(Stored items from a collection)
☆ ☆ ☆ ☆

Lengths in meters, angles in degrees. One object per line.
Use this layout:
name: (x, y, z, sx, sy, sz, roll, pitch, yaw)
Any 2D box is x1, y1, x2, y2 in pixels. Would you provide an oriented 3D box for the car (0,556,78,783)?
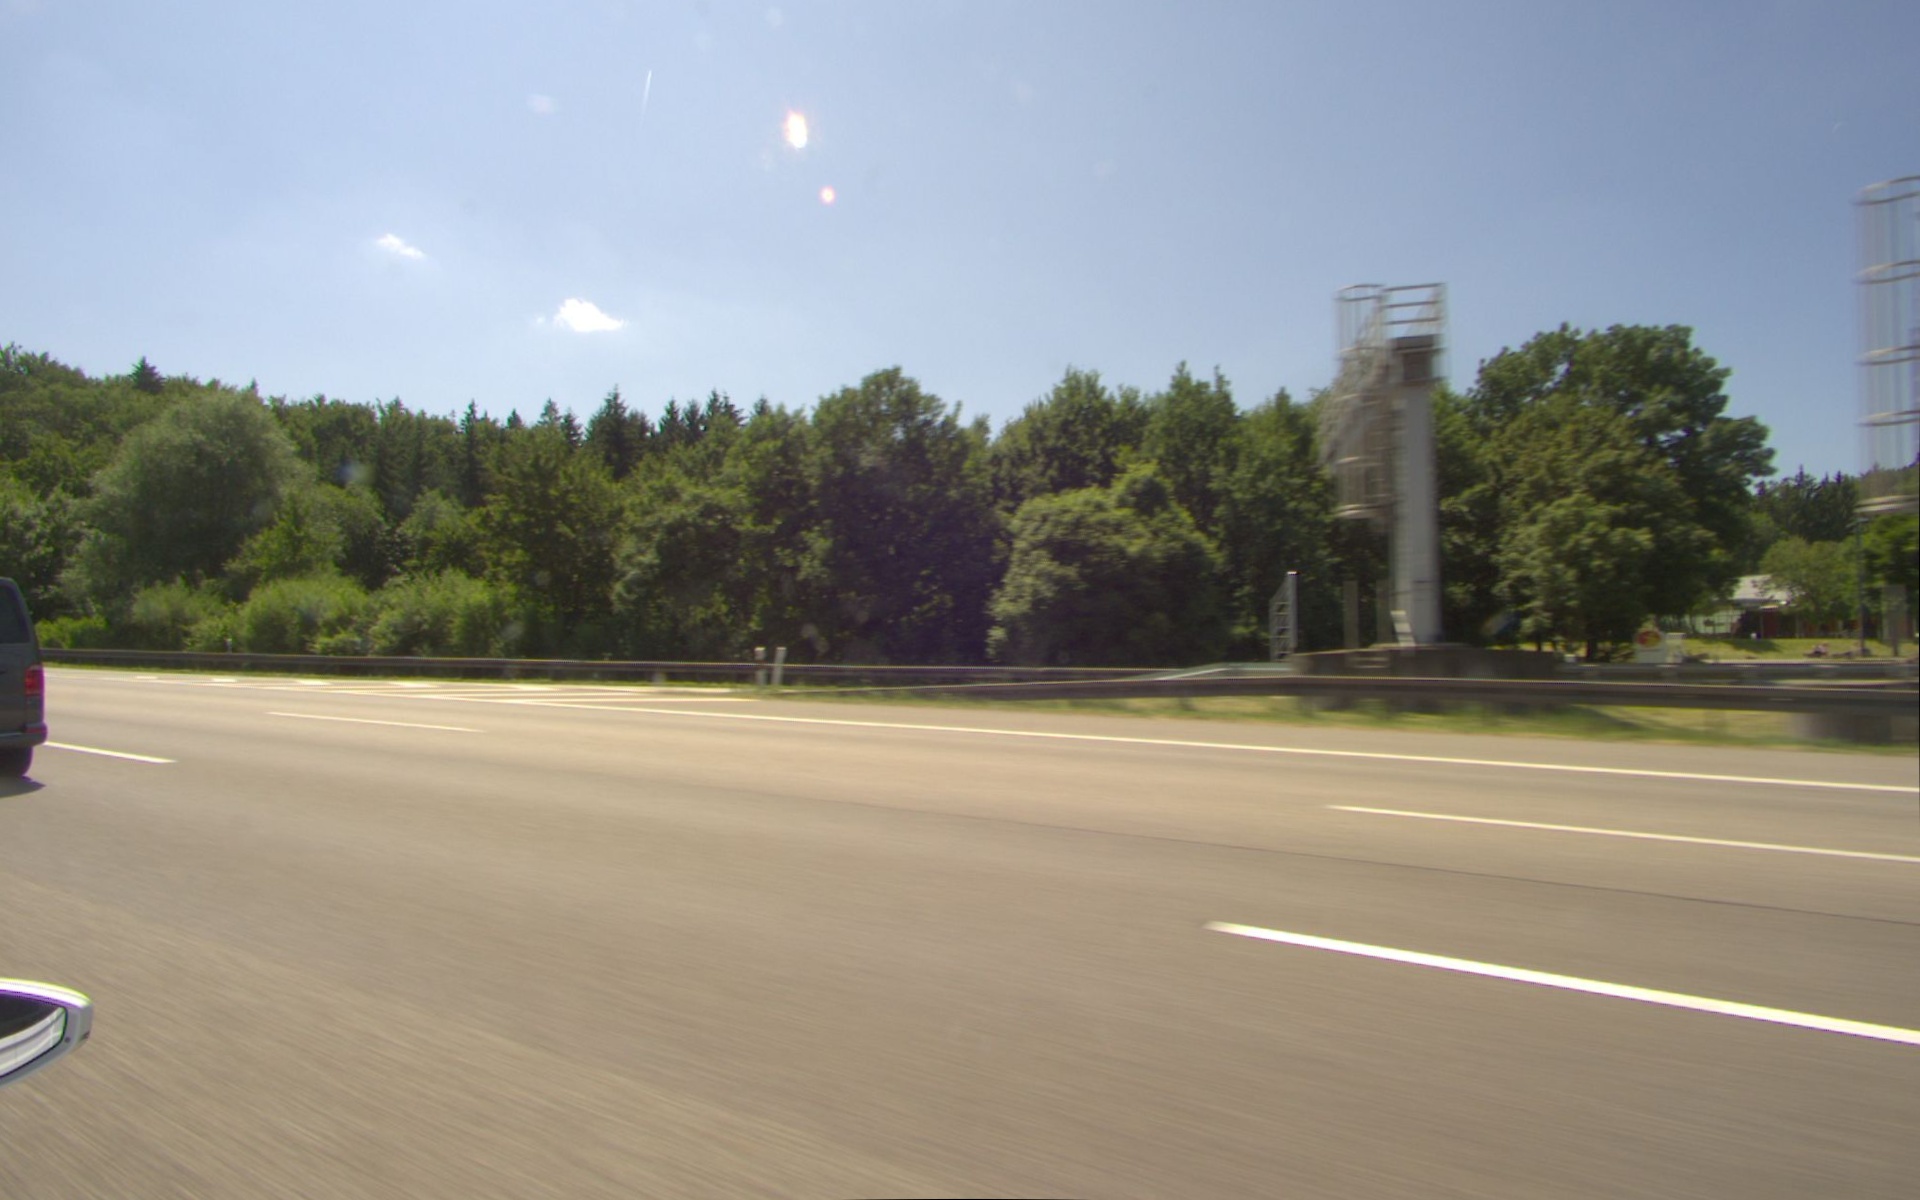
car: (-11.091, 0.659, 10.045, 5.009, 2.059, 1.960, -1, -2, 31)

☆ ☆ ☆ ☆

* **ACTIVITY**
Reproduce the data above line for line, excluding every picture.

* **RESULT OF THE EXERCISE**
Lengths in meters, angles in degrees. One object per line.
Use this layout:
name: (x, y, z, sx, sy, sz, roll, pitch, yaw)
Any 2D box is x1, y1, x2, y2 in pixels. Would you provide an oriented 3D box for the car (0,556,78,783)?
car: (-11.091, 0.659, 10.045, 5.009, 2.059, 1.960, -1, -2, 31)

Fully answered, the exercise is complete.